--- PROBLEM STATEMENT ---
Each line below should be retyped exactly, with no pictures.

[Items from a data source]
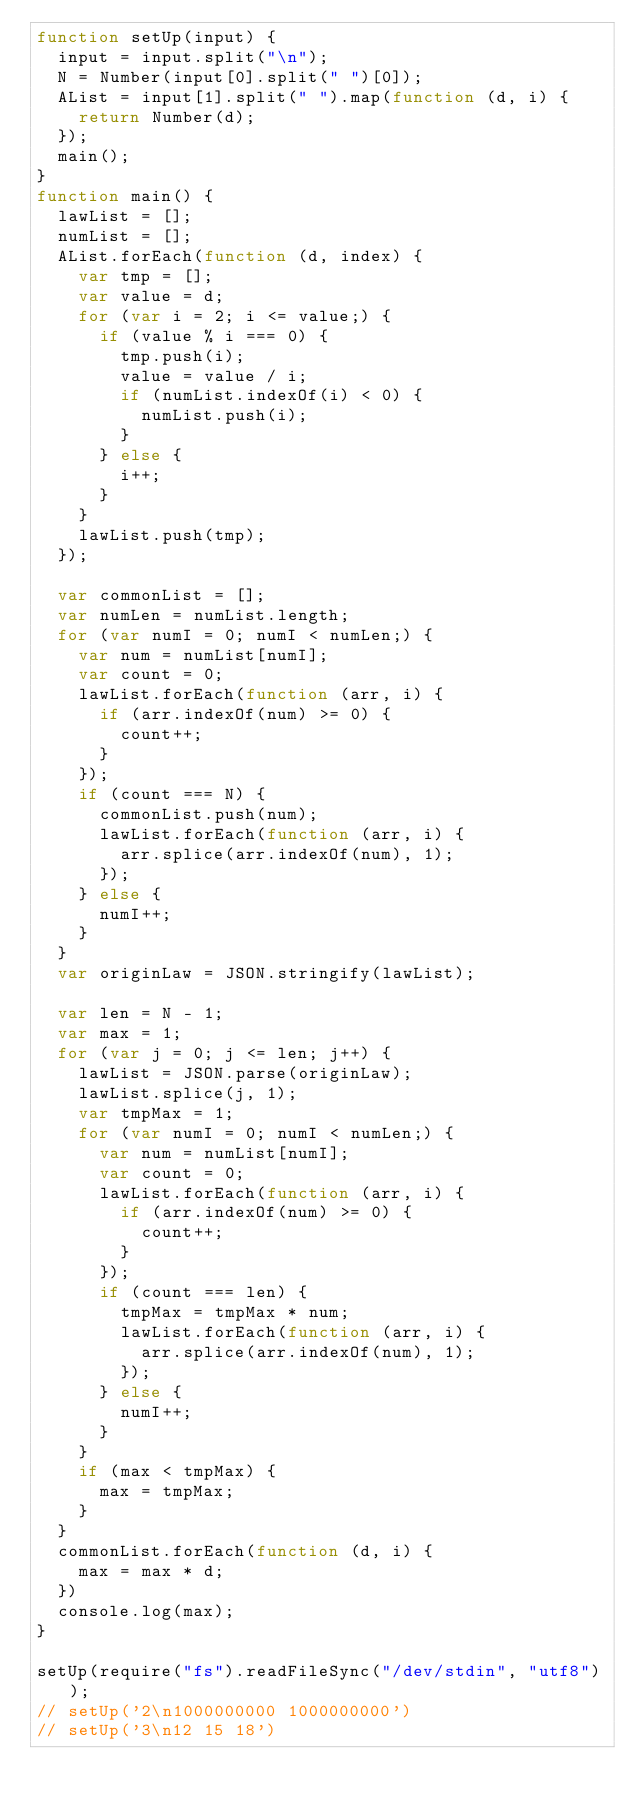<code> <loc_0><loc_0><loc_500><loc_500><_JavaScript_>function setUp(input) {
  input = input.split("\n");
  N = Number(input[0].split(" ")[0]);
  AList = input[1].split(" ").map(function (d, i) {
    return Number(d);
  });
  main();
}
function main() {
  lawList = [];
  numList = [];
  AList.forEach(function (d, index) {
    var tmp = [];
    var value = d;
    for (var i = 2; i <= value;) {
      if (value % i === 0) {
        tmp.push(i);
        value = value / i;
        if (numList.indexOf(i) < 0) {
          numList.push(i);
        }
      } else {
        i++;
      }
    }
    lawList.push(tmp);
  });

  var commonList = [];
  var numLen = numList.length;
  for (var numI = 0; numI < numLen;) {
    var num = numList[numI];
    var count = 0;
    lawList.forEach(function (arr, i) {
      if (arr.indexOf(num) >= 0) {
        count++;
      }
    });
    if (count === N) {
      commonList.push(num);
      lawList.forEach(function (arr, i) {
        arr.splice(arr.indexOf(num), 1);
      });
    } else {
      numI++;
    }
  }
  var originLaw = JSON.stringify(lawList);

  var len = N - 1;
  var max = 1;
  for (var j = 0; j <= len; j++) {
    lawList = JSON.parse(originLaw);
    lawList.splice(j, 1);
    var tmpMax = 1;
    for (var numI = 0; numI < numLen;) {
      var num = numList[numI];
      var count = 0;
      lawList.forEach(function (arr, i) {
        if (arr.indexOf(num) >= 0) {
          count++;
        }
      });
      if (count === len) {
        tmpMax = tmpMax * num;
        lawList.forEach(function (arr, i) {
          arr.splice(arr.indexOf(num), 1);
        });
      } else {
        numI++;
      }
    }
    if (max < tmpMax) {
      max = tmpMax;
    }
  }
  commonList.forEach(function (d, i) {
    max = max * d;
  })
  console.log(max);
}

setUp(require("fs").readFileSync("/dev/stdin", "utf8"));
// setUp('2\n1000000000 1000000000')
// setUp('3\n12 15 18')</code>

--- EXERCISE OUTPUT ---
<code> <loc_0><loc_0><loc_500><loc_500><_JavaScript_>function setUp(input) {
  input = input.split("\n");
  N = Number(input[0].split(" ")[0]);
  AList = input[1].split(" ").map(function (d, i) {
    return Number(d);
  });
  main();
}
function main() {
  lawList = [];
  numList = [];
  AList.forEach(function (d, index) {
    var tmp = [];
    var value = d;
    for (var i = 2; i <= value;) {
      if (value % i === 0) {
        tmp.push(i);
        value = value / i;
        if (numList.indexOf(i) < 0) {
          numList.push(i);
        }
      } else {
        i++;
      }
    }
    lawList.push(tmp);
  });

  var commonList = [];
  var numLen = numList.length;
  for (var numI = 0; numI < numLen;) {
    var num = numList[numI];
    var count = 0;
    lawList.forEach(function (arr, i) {
      if (arr.indexOf(num) >= 0) {
        count++;
      }
    });
    if (count === N) {
      commonList.push(num);
      lawList.forEach(function (arr, i) {
        arr.splice(arr.indexOf(num), 1);
      });
    } else {
      numI++;
    }
  }
  var originLaw = JSON.stringify(lawList);

  var len = N - 1;
  var max = 1;
  for (var j = 0; j <= len; j++) {
    lawList = JSON.parse(originLaw);
    lawList.splice(j, 1);
    var tmpMax = 1;
    for (var numI = 0; numI < numLen;) {
      var num = numList[numI];
      var count = 0;
      lawList.forEach(function (arr, i) {
        if (arr.indexOf(num) >= 0) {
          count++;
        }
      });
      if (count === len) {
        tmpMax = tmpMax * num;
        lawList.forEach(function (arr, i) {
          arr.splice(arr.indexOf(num), 1);
        });
      } else {
        numI++;
      }
    }
    if (max < tmpMax) {
      max = tmpMax;
    }
  }
  commonList.forEach(function (d, i) {
    max = max * d;
  })
  console.log(max);
}

setUp(require("fs").readFileSync("/dev/stdin", "utf8"));
// setUp('2\n1000000000 1000000000')
// setUp('3\n12 15 18')</code>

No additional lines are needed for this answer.